What the task requires.
Using the entries below, output each line exactly from the first through the one that contains "Using the picture".

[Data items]
======

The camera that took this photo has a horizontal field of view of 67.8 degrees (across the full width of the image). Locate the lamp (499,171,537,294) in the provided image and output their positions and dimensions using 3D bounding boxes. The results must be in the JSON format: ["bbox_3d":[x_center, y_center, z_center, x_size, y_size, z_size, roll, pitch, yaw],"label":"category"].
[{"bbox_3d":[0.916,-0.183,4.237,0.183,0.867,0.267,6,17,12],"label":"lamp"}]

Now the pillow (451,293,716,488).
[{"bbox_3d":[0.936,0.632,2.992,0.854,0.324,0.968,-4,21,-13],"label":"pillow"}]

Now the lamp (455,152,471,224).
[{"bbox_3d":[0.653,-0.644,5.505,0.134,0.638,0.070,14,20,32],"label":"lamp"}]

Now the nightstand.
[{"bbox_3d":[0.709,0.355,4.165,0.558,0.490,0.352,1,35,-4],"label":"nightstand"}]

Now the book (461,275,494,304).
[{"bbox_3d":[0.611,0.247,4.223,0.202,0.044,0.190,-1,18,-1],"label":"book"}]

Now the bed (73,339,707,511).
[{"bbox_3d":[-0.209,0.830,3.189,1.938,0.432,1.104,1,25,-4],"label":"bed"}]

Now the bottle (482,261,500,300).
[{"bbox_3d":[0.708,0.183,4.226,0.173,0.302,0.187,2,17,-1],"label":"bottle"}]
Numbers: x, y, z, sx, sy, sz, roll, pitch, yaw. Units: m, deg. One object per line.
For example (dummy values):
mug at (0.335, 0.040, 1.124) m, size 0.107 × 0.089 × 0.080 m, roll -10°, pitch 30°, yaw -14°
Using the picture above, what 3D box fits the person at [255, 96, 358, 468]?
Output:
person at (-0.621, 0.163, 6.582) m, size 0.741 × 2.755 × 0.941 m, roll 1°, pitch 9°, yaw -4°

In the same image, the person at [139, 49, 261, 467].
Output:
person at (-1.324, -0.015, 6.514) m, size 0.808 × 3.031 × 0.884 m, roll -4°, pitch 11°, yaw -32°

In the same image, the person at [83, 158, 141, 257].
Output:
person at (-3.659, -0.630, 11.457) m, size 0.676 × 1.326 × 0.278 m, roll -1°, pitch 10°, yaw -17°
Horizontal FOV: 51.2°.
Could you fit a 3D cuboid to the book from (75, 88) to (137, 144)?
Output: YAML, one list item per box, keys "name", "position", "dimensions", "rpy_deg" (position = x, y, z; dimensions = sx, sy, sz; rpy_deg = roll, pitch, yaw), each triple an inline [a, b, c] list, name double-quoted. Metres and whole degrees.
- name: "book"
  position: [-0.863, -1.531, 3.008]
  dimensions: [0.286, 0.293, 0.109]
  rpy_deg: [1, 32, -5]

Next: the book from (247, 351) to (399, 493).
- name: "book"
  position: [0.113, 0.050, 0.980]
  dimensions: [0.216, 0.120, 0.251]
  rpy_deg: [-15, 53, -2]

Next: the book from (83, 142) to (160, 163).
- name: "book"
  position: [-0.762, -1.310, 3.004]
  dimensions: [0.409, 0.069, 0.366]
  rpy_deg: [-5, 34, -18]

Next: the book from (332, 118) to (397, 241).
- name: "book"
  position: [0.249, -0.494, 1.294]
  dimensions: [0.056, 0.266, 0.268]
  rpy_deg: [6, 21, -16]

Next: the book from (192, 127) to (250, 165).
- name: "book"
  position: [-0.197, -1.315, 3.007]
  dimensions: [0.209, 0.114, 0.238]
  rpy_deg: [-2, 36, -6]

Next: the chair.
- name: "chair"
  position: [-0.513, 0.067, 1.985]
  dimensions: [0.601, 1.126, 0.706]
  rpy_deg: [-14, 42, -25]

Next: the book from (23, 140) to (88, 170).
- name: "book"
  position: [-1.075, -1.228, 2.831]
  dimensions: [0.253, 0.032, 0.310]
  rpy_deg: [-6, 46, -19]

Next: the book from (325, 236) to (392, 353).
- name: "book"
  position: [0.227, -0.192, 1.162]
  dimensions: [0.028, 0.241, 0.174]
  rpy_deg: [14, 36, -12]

======

Answer space.
The camera that took this photo has a horizontal field of view of 67.8 degrees (across the full width of the image). Locate the lamp (499,171,537,294) in the provided image and output their positions and dimensions using 3D bounding boxes. The results must be in the JSON format: ["bbox_3d":[x_center, y_center, z_center, x_size, y_size, z_size, roll, pitch, yaw],"label":"category"].
[{"bbox_3d":[0.916,-0.183,4.237,0.183,0.867,0.267,6,17,12],"label":"lamp"}]

Now the pillow (451,293,716,488).
[{"bbox_3d":[0.936,0.632,2.992,0.854,0.324,0.968,-4,21,-13],"label":"pillow"}]

Now the lamp (455,152,471,224).
[{"bbox_3d":[0.653,-0.644,5.505,0.134,0.638,0.070,14,20,32],"label":"lamp"}]

Now the nightstand.
[{"bbox_3d":[0.709,0.355,4.165,0.558,0.490,0.352,1,35,-4],"label":"nightstand"}]

Now the book (461,275,494,304).
[{"bbox_3d":[0.611,0.247,4.223,0.202,0.044,0.190,-1,18,-1],"label":"book"}]

Now the bed (73,339,707,511).
[{"bbox_3d":[-0.209,0.830,3.189,1.938,0.432,1.104,1,25,-4],"label":"bed"}]

Now the bottle (482,261,500,300).
[{"bbox_3d":[0.708,0.183,4.226,0.173,0.302,0.187,2,17,-1],"label":"bottle"}]
Numbers: x, y, z, sx, sy, sz, roll, pitch, yaw. Units: m, deg. One object per line.
For example (dummy values):
mug at (0.335, 0.040, 1.124) m, size 0.107 × 0.089 × 0.080 m, roll -10°, pitch 30°, yaw -14°
Using the picture above, what 3D box fits the person at [255, 96, 358, 468]?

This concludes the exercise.